• **Task directions**
In the data below, retype exactly the line that contains "Also the person [718,516,776,727]." and every line after it, through the last.
==== Given records ====
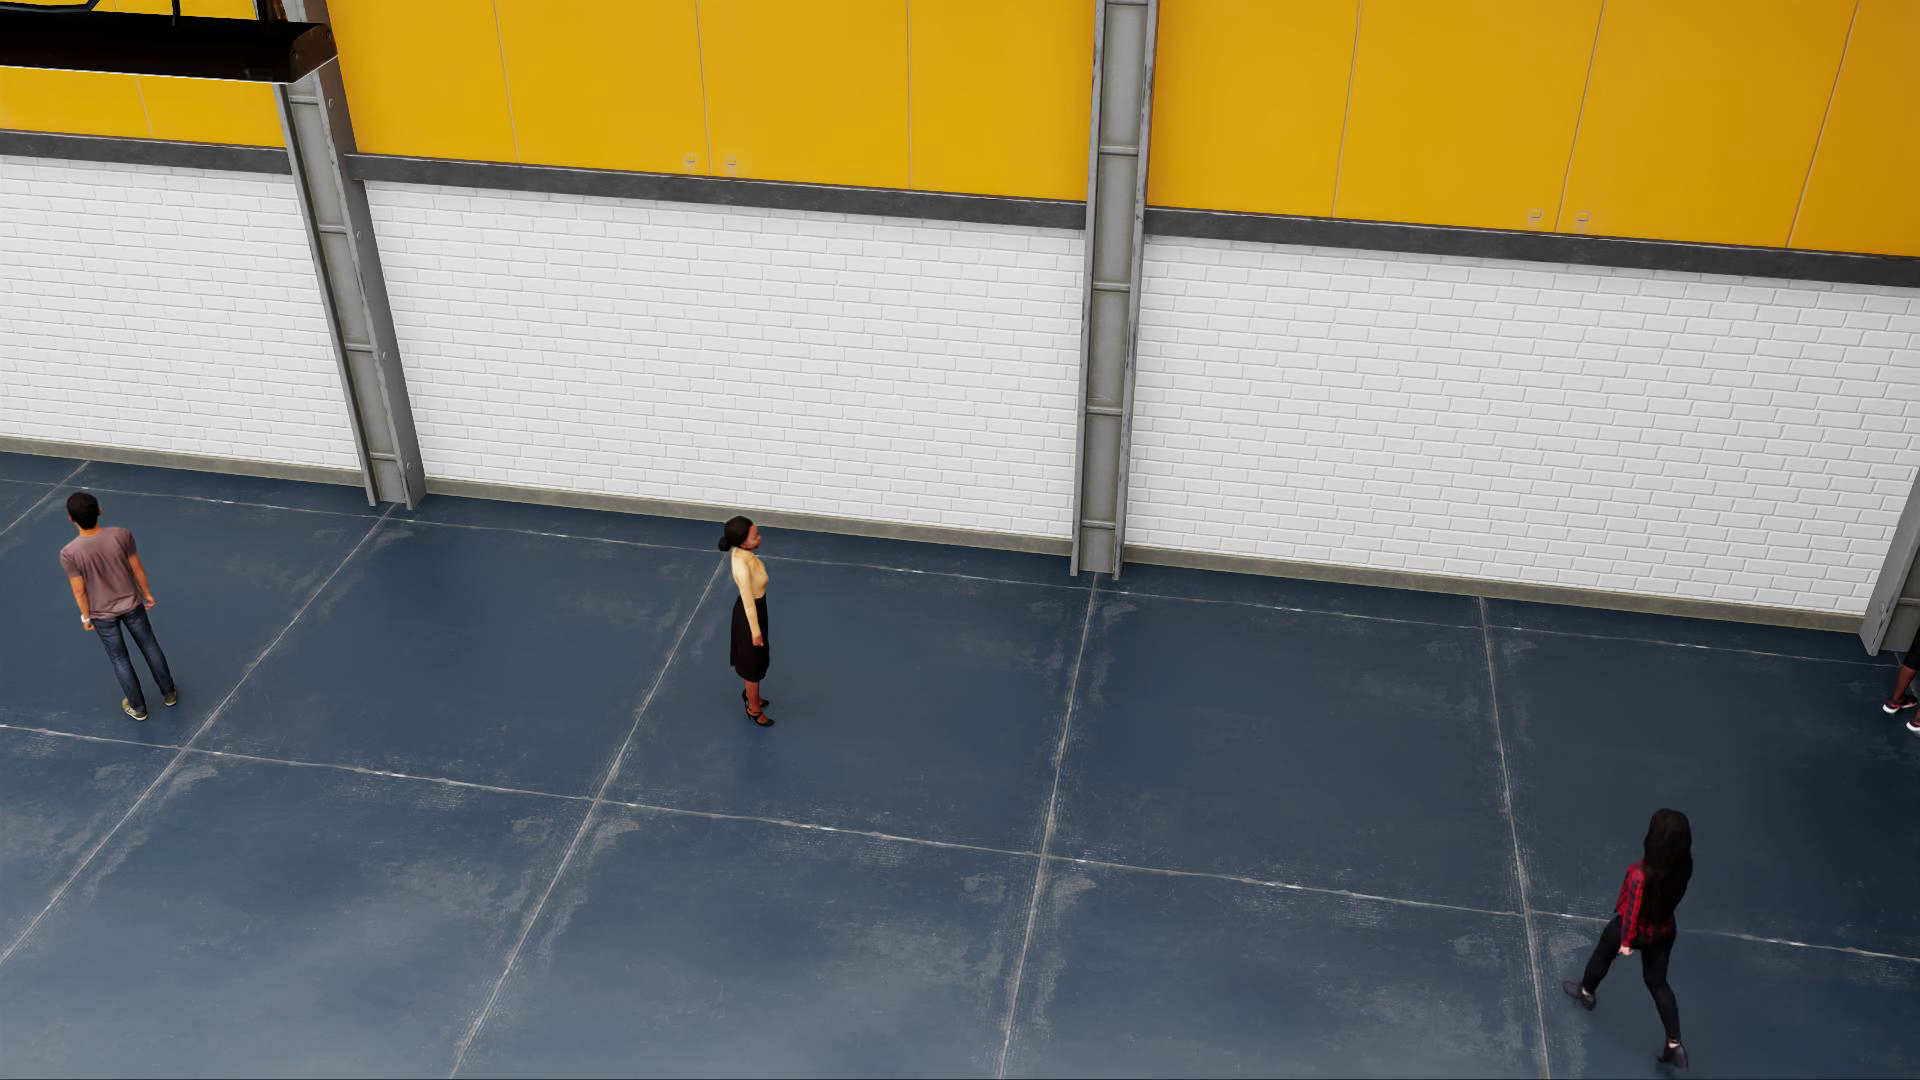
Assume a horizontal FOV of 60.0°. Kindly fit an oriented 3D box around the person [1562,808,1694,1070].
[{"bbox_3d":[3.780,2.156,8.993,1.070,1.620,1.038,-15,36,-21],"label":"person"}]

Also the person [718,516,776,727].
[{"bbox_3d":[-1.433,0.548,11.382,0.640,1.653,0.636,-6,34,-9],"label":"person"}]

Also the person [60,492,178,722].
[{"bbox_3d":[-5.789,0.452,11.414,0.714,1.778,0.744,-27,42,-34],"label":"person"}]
====
• **Solution for this task**
Also the person [718,516,776,727].
[{"bbox_3d":[-1.433,0.548,11.382,0.640,1.653,0.636,-6,34,-9],"label":"person"}]

Also the person [60,492,178,722].
[{"bbox_3d":[-5.789,0.452,11.414,0.714,1.778,0.744,-27,42,-34],"label":"person"}]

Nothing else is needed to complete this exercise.